Przenikające do szpiku kości, nie dające o sobie zapomnieć i kuszą jak nigdy
dotąd skłaniając do refleksji. Miłość do dwóch mężczyzn wydawała się Lenie
abstrakcją, lecz okazała się jak najbardziej prawdziwa, wybór pomiędzy Igorem i
Ianem, synem i ojcem, wydaje się czymś niemożliwym. Czy nie krzywdzi ich? A
może ta dwoistość pozwoli dojrzeć do podjęcia nieoczekiwanej decyzji w
zaskakujących okolicznościach?
Melancholijne,
ale i pełne humoru „Mgły Toskanii” intrygują swoją tajemniczością oraz nieoczywistością. Natasza Socha dała swoim czytelnikom lekturę, na jaką warto
zarezerwować sobie czas, tak by nie śpieszyć się i nie dzielić jej czytania na
części.

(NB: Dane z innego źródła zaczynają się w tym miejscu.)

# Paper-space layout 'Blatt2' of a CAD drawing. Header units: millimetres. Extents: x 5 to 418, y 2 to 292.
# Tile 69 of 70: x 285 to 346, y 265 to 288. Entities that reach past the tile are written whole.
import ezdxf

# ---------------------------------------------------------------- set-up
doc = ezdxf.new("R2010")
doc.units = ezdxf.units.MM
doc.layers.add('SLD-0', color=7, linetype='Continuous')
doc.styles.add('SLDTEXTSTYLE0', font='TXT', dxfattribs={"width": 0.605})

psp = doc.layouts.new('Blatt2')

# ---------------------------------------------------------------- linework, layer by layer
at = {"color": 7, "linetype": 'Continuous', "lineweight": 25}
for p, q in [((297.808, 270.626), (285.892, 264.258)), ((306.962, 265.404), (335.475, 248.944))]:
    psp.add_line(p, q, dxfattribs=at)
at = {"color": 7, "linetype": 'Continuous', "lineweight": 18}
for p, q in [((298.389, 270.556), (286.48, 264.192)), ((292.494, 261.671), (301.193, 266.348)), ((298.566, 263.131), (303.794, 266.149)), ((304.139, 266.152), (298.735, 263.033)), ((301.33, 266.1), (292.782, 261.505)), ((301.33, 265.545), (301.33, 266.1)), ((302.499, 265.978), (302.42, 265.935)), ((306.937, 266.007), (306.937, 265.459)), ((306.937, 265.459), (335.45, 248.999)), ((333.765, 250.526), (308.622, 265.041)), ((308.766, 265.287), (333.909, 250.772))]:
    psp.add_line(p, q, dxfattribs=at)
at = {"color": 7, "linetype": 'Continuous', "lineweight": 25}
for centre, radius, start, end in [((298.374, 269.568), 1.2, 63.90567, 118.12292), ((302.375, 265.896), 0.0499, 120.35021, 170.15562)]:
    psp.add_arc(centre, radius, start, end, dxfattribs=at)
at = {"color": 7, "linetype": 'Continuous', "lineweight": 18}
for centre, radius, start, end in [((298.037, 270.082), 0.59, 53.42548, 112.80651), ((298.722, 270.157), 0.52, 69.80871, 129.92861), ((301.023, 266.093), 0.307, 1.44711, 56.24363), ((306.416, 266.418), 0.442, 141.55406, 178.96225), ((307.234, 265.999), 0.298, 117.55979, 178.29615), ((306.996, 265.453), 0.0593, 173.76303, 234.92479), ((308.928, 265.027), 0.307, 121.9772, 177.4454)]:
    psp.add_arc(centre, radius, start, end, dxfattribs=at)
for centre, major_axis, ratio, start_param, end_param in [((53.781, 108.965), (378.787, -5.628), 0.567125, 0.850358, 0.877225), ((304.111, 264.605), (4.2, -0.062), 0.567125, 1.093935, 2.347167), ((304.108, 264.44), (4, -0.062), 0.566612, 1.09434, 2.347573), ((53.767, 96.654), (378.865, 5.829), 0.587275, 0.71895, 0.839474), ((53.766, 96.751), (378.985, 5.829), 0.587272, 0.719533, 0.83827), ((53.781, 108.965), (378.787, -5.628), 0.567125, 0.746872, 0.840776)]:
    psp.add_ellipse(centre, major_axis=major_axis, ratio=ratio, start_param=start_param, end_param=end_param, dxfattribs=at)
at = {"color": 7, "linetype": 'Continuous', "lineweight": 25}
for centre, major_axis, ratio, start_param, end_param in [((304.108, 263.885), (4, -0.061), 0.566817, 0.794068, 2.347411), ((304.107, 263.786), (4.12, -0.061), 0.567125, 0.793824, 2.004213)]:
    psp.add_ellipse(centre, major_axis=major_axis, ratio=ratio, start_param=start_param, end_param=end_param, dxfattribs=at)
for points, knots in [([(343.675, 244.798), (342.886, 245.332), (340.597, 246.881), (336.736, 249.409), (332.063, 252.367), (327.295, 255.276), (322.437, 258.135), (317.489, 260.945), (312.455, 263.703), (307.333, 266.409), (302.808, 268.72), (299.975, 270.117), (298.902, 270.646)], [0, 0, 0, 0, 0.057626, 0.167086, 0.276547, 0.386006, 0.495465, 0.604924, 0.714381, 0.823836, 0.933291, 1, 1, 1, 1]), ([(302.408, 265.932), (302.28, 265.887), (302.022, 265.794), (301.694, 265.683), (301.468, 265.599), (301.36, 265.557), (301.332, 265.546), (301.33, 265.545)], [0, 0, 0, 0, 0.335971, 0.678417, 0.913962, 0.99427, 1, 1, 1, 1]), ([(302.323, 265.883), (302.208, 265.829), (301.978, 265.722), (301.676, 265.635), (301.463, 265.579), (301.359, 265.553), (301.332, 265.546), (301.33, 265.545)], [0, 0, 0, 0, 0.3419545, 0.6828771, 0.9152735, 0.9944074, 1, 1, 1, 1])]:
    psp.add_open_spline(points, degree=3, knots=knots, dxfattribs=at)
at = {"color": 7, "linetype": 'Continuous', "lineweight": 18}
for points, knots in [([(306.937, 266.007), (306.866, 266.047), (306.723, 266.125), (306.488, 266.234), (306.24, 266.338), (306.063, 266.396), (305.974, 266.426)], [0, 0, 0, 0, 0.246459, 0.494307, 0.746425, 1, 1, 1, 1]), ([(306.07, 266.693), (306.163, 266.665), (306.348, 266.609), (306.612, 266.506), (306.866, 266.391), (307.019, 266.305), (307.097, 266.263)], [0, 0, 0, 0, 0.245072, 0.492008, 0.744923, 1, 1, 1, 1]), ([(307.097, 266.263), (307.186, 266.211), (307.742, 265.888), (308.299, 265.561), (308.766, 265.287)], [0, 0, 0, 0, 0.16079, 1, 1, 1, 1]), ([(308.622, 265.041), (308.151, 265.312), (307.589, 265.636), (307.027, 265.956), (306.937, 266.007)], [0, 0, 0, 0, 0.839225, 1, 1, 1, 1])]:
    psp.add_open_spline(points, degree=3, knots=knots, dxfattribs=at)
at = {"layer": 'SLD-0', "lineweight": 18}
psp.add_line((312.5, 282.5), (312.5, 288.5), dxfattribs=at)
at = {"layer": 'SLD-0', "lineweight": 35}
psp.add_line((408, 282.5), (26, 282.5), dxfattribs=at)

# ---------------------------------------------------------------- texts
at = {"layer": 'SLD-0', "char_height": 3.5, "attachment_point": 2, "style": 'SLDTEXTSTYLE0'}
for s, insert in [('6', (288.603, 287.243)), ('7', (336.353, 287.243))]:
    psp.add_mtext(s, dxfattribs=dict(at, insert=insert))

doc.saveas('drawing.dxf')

Uczuciowy trójkąt wciąga i nie pozwala się oderwać, emocjonalne
rozterki skłaniają do refleksji. Pełne barw, smaków i wrażeń wizualnych opisy
Toskanii sprawiają, że przenosimy się do opisywanych miejsc i zbliżamy się do
bohaterów. Ci ostatni są pełni pasji, wielowymiarowi i rzeczywiści w swoich
rozterkach, ich koleje losu toczą się prawdziwymi meandrami, zaskakując swoim
rozwojem. Pisarka dała wgląd czytającym do intymnego świata emocji trojga
ludzi, a zwłaszcza głównej bohaterki, ukazując motywy dokonywanych wyborów oraz
dojrzewanie do nich.
Za możliwość przeczytania książki
dziękuję
Pani Natasza, jak zawsze w najwyższej formie twórczej. 😊
OdpowiedzUsuńPotwierdzam :)
UsuńNa razie na tego typu historie nie mam ochoty, ale tytuł jak i autorkę zapamiętam na przyszłość, gdyż jeszcze nie miałam styczności z twórczością.
OdpowiedzUsuńKsiążki jak narkotyk
Polecam książki tej autorki :)
UsuńNo i narobiłaś mi ochoty na tę książkę...
OdpowiedzUsuńTo nie ja, to książka ;)
UsuńMam tę książkę ale jeszcze jej nie czytałam.
OdpowiedzUsuńSkłaniająca do refleksji :)
UsuńNo musze powiedzieć że spodoba mi się, muszę ją przeczytać ❤ Pozdrawiam.
OdpowiedzUsuńDla mnie była to jedna z lepszych książek ostatnio )
UsuńDo mnie książka dotrze dopiero za kilka dni. Na 100% przeczytam. Bardzo lubię książki N. Sochy.
OdpowiedzUsuńChciałabym niedługo poznać twórczość autorki. Myślę, że jej książki przypadną mi do gustu. :)
OdpowiedzUsuńIdealna lektura na wakacje :)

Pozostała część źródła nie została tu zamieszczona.